If Schumpeter can’t be truly considered a member of the Austrian School, can he at least be a visiting professor or something along those lines? In The Theory of Economic Development, he does an amazing job of demonstrating the power of Menger’s theory of imputation, and certainly broke ground in dealing with entrepreneurship. In Capitalism, Socialism, and Democracy, he talks about various neoclassical models of competition in one chapter and in the next explains how they’re all missing the fact that the economy is a dynamic system. His analysis also anticipated, and likely inspired, both Rothbard and Hoppe. While he wasn’t on the same level as Mises, he certainly was one of the greatest economists of his time.
I’ve read the second part of the book “Can Capitalism Survive?” (it’s sitting on my desk here)
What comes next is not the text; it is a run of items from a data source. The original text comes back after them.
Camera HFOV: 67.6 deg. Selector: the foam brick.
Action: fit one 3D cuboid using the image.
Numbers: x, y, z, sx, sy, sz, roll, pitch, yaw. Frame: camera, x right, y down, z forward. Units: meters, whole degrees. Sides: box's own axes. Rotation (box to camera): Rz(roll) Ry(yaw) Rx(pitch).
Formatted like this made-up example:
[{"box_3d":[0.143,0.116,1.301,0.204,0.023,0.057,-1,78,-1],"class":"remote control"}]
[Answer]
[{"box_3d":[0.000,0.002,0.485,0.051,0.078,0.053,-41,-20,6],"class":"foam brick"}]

To be honest, I don’t like any writing style that isn’t contemporary, and his isn’t. Others like the writing style. I’m picky that way.
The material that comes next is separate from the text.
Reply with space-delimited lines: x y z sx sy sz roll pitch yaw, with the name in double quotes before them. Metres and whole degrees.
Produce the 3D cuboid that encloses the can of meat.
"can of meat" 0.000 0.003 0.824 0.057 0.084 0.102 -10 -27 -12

Aside from that one little problem, I found the read to be very enlightening and thought-provoking. It’s worth taking a look, at the very least.
That is a hilarious denial of Schumpeter as a member of the Austrian School. I would hope we would have a big tent mentality and appreciate the insights of one much more “Austrian” than any so-called credentialed Austrian today.
Everytime I think of Schumpeter I remember an incident in South Carolina after hurricane Hugo.Anticipating the strike of the hurricane a couple of enterprising young college students bought a huge amount of ice and stored it in a freezer warehouse. After the hurricane passed the students rented a truck and loaded the ice inside, then drove to the area hit the hardest by the storm. They began to sell ice out of the back of the truck for about 4 times what a bag of ice would have cost before the hurricane and they had a line of buyers about 100 yeads long.
In the afternoon the South Carolina State Police arrested the boys and confiscated the ice.
Now all of that is not a surprise. It is typical of the state to prevent any encroachment on its territory, but what surprised me was the reaction of the buyers. As the boys were hauled off the people in line applauded the police. Those people in line were not going to get any ice and were going to suffer but when interviewed they thought the boys got what they deserved because their prices were “gouging” the buyers.
Generally, I believe that people are not insane but there is something insane about applauding the state destroying your peace and happiness simply because the one providing you the service is making a profit. Not one person was forced to buy the ice and not one person benefited from the state police arresting the students, but a perceived violation of the value of a product caused the people to applaud their own discomfort. Oh how strange our world is.